So you should probably not even mention you're doing Uber at all . 
I think the main reason banks don't like Uber is because you're going to depreciate the car much faster then a normal driver . 

Try again but don't even mention Uber as a source of income


----------



## rtaatl

Banks won't generally loan to most people in the livery business because you're greatly depreciating the asset that's used as collateral to offset the loan they're giving you. This is where our favorite word in UP forum "depreciation" really comes into play. Some might not believe it exists, but it's a hard lesson learned when you go for financing on a new vehicle. This is why Uber had to come up with sub prime leasing since most drivers would never get traditional financing...not necessarily because of bad credit, but the type of industry the vehicle is going to be used for.


----------



## Med_driver88

I figured that was going to be what happened. Thanks for the input.


----------



## tohunt4me

Med_driver88 said:


> Hey guys! I'm new here, but I've been driving for uber for about a year. Sorry if this has been discussed in the past I couldn't find anything that fit my particular situation.
> 
> Uber is part time for me but I've finally gotten to a point where I make enough money between both of my jobs to have a pretty nice car payment. I went and found the car that worked best for my, my family, and uber. Test drove it, love it, decided on it.
> 
> I made sure to ask the salesman if they have dealt with uber drivers and he said yes. Went through the hole process of buying my first car (on my own) and knew if I didn't get it it would be due to low credit history/score.
> 
> No. I did not get financing because I drive uber and it's not a risk the bank is willing to take. Has anyone come across this? Without uber income I look like I cannot afford a car payment but with it I become a liability?

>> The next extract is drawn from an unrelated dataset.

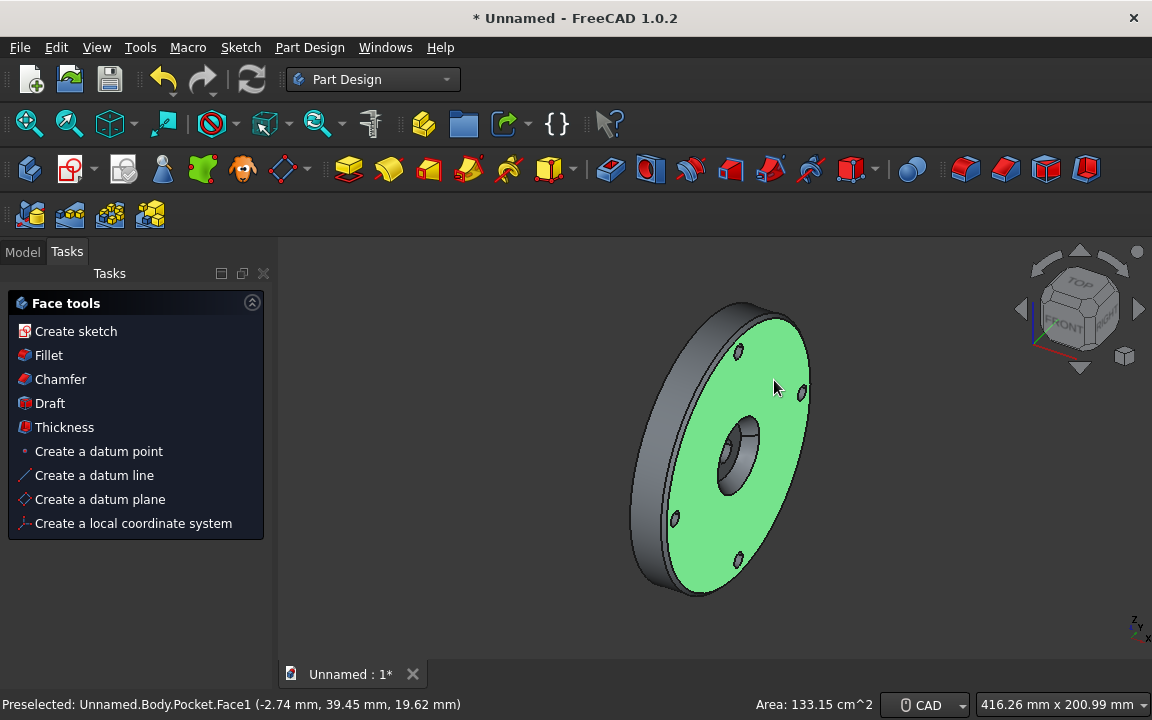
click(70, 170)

Thank Uber for destabilization of anything and EVERYTHING to do with rideshare !

Go to the Uber company store ,and pay $250.00 a week lease.

They have ensured that is all that is available to you.


----------



## I_Like_Spam

The difficulty you will encounter is that the vehicle you are financing is depreciating a lot more rapidly than one used for strictly personal use.

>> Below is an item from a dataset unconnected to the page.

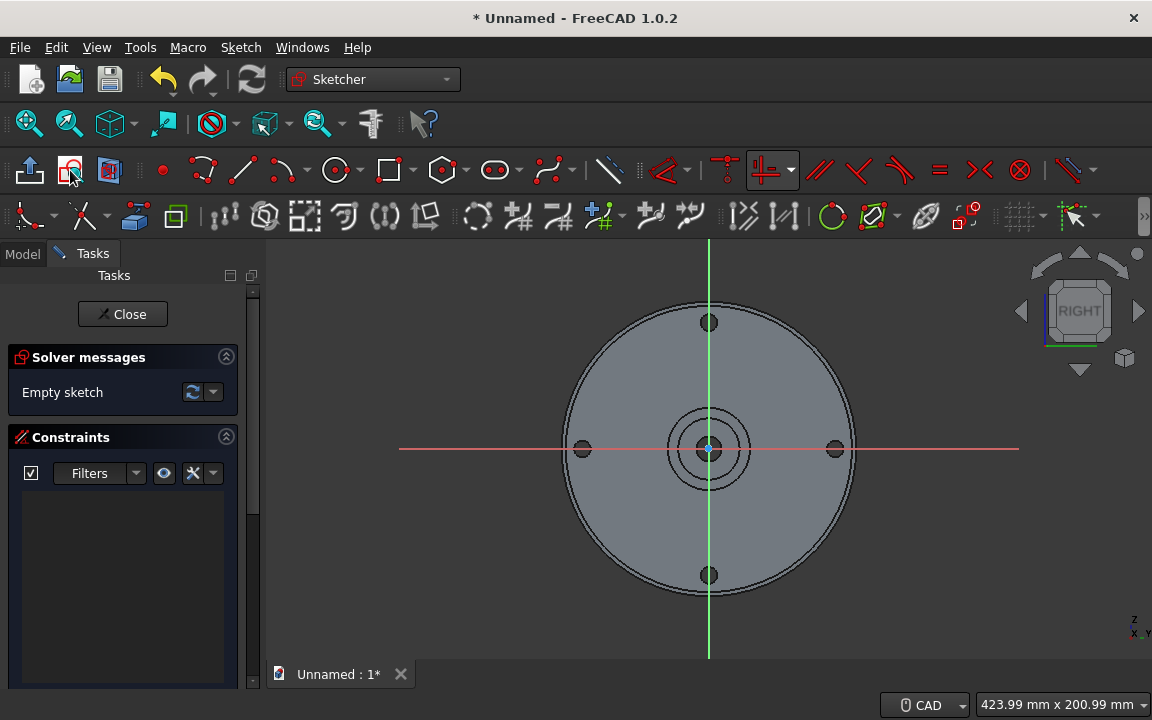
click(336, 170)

Since the car is also the collateral for the loan, it makes the loan a lot riskier for the lender, as they won't be able to get as much back if you default.


----------



## SEAL Team 5

Med_driver88 said:


> Hey guys! I'm new here, but I've been driving for uber for about a year. Sorry if this has been discussed in the past I couldn't find anything that fit my particular situation.
> 
> Uber is part time for me but I've finally gotten to a point where I make enough money between both of my jobs to have a pretty nice car payment. I went and found the car that worked best for my, my family, and uber. Test drove it, love it, decided on it.
> 
> I made sure to ask the salesman if they have dealt with uber drivers and he said yes. Went through the hole process of buying my first car (on my own) and knew if I didn't get it it would be due to low credit history/score.
> 
> No. I did not get financing because I drive uber and it's not a risk the bank is willing to take. Has anyone come across this? Without uber income I look like I cannot afford a car payment but with it I become a liability?

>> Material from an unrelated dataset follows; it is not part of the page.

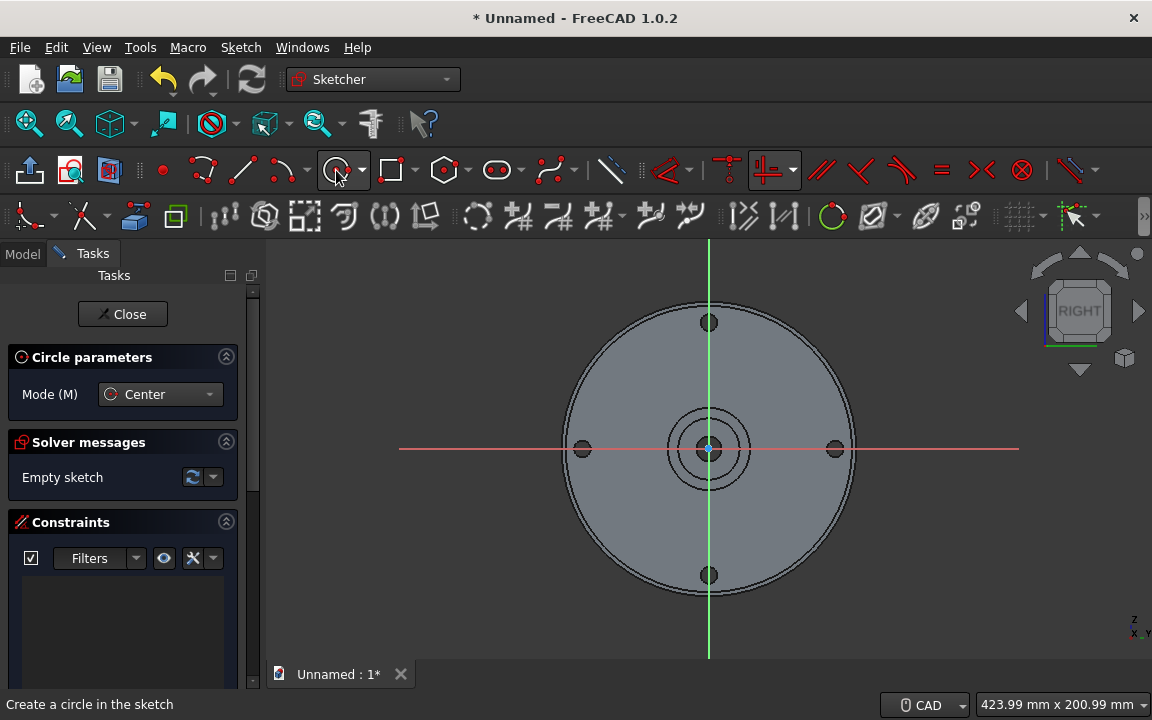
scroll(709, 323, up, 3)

I know what you mean. I went to buy a new home and during escrow the lender found out I was going to use the home as a brothel. So they denied my loan. They told me the only reason is because I was charging for services and that opens the residence up to many lawsuits. They told me no problem with the loan if the services were free. So if you drive Uber, accept the ping, pick up the pax, cancel the ride, and drive them for free. Your loan just might go through then.


----------



## David Sullivan

I had the same problem commuting long distance for a job as a 1099 temp the car was a write off or a non asset asset if you will. It depreciated so fast the bank didn't believe I wasn't taxi driver. It's a conundrum .


----------



## JaniceCT

Don't mention uber. I got a car loan and all I said was I was an independent contractor. They went by m credit score and approved me


----------



## I_Like_Spam

JaniceCT said:


> Don't mention uber. I got a car loan and all I said was I was an independent contractor. They went by m credit score and approved me


You could run into a problem however, if you they asked and you didn't tell them that you were using the vehicle for commercial purposes.

Probably nothing will happen if you make all of your payments on time, but if you default and the bank finds out their collateral isn't worth anything due to the hundred thousand miles you put on the car ubering, this could be a fraud situation.


----------